Volkswagen hat seinen Hauptaktionär Porsche bereits im März mit einem Kredit von über 700 Millionen Euro vor einem schweren finanziellen Engpass bewahrt. Das wurde am Wochenende bekannt. Damit wird deutlich, dass die finanzielle Lage beim Sportwagenbauer offenbar ernster ist als öffentlich zugegeben.

STUTTGART/HAMBURG. Porsche hat sich mit dem Plan übernommen, drei Viertel an VW zu übernehmen, und sitzt nun auf neun Milliarden Euro Schulden. Die Insolvenz habe dem Unternehmen jedoch nicht gedroht, betonte ein Konzernsprecher.

Nun soll Porsche als zehnte Marke in den VW-Konzern integriert werden. Dafür müsse Porsche aber zunächst seiner Kreditklemme entgehen, fordert VW-Aufsichtsratschef und Porsche-Großaktionär Ferdinand Piëch.
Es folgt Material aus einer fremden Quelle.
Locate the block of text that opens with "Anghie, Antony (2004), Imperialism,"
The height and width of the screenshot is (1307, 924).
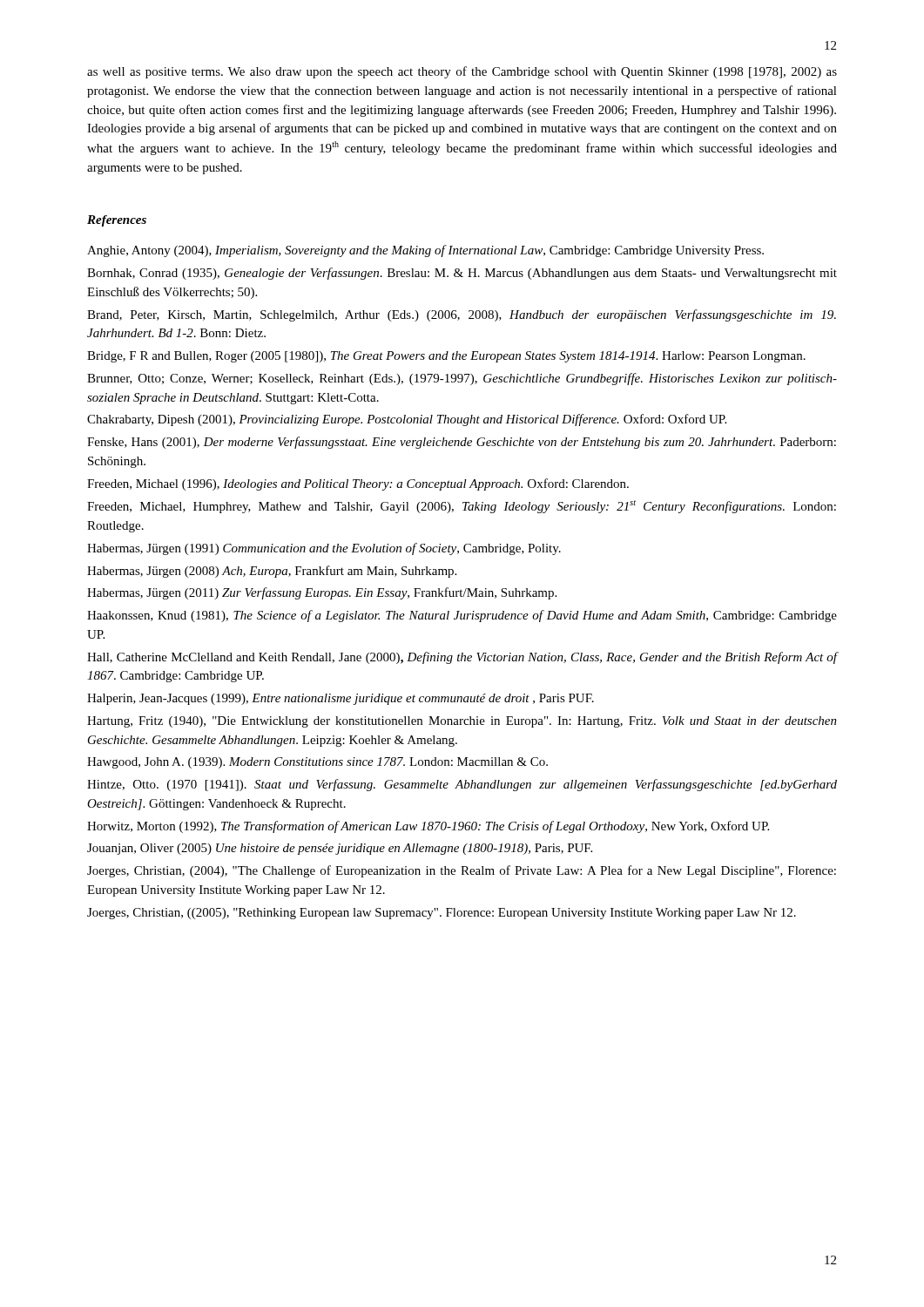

Einen Teilerfolg hat der Sportwagenbauer Ende der Woche erzielt. Porsche sicherte sich bei der Bank of Tokyo einen weiteren Kredit über 750 Mio. Euro, hieß es in Finanzkreisen. Das Unternehmen benötigt jedoch dringend weitere 1,75 Mrd. Euro und spricht nach eigenen Angaben mit mehreren Banken. Darunter ist auch die staatliche Förderanstalt KfW. Daneben will Porsche Staatshilfe von Baden-Württemberg.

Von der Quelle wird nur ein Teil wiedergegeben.